====== Records shown ======

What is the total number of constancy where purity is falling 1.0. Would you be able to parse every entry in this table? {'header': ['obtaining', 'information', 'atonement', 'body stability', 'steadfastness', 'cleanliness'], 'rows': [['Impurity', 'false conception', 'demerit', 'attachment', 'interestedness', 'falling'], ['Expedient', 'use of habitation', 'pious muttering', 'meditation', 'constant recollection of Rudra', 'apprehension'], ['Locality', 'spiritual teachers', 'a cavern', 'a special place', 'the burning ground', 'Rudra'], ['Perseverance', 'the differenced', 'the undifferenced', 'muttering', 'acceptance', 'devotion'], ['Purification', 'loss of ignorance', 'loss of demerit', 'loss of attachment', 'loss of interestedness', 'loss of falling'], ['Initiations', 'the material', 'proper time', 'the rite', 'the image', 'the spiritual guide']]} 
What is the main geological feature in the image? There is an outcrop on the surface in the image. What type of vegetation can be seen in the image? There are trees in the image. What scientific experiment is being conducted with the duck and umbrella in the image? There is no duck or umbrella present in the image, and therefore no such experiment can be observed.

======
====== Records shown ======

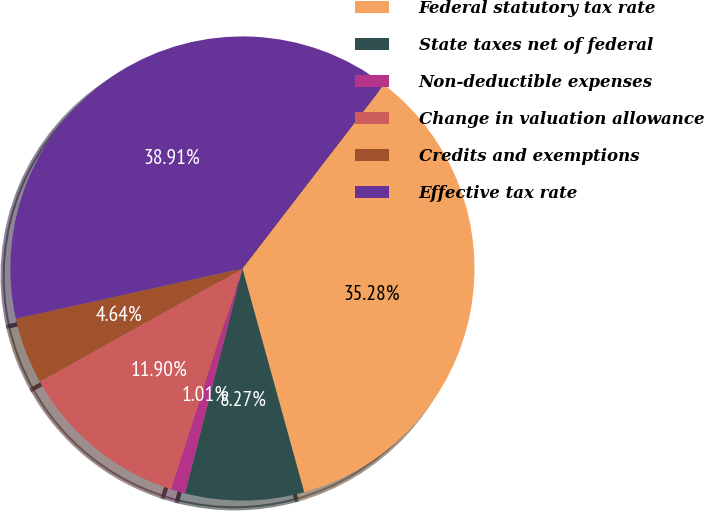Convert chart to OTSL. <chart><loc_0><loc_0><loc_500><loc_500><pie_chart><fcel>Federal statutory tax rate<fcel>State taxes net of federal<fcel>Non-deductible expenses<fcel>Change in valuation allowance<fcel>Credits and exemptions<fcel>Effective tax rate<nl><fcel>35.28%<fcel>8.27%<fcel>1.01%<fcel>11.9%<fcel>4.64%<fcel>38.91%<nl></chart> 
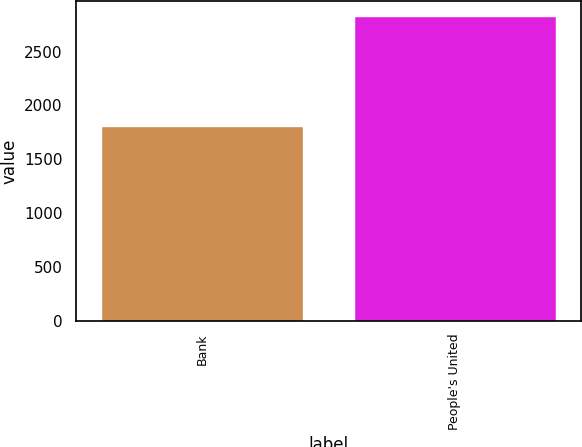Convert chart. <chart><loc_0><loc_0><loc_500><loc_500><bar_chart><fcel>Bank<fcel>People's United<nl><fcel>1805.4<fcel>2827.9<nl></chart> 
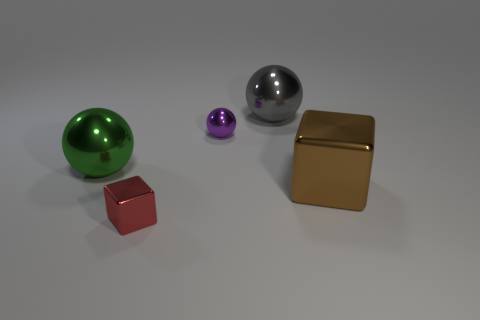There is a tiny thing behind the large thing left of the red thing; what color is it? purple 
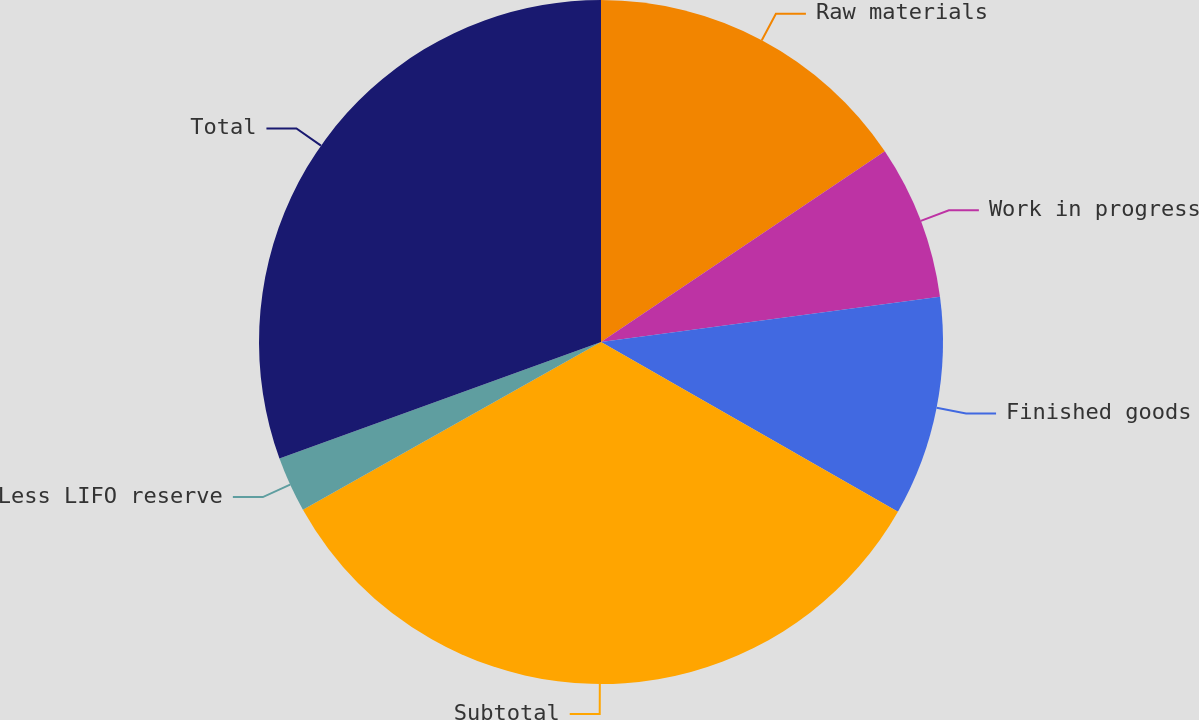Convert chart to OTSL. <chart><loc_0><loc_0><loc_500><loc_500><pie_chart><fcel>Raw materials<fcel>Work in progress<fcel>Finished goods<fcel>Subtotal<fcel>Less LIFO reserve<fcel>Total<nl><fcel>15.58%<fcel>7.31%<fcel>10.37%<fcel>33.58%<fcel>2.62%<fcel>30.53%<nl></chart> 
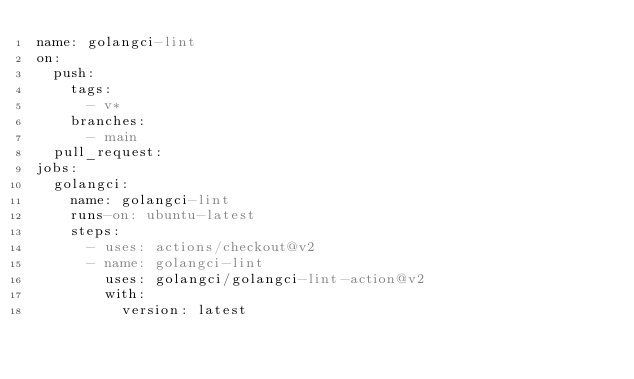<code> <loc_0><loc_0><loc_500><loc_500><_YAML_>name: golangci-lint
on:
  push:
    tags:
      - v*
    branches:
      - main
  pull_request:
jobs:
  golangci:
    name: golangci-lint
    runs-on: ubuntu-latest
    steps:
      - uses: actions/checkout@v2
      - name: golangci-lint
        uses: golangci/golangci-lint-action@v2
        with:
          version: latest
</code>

======

Task objective → Which lines in the records above contain the word "uses"? Return each of them.

Completed exercise →
      - uses: actions/checkout@v2
        uses: golangci/golangci-lint-action@v2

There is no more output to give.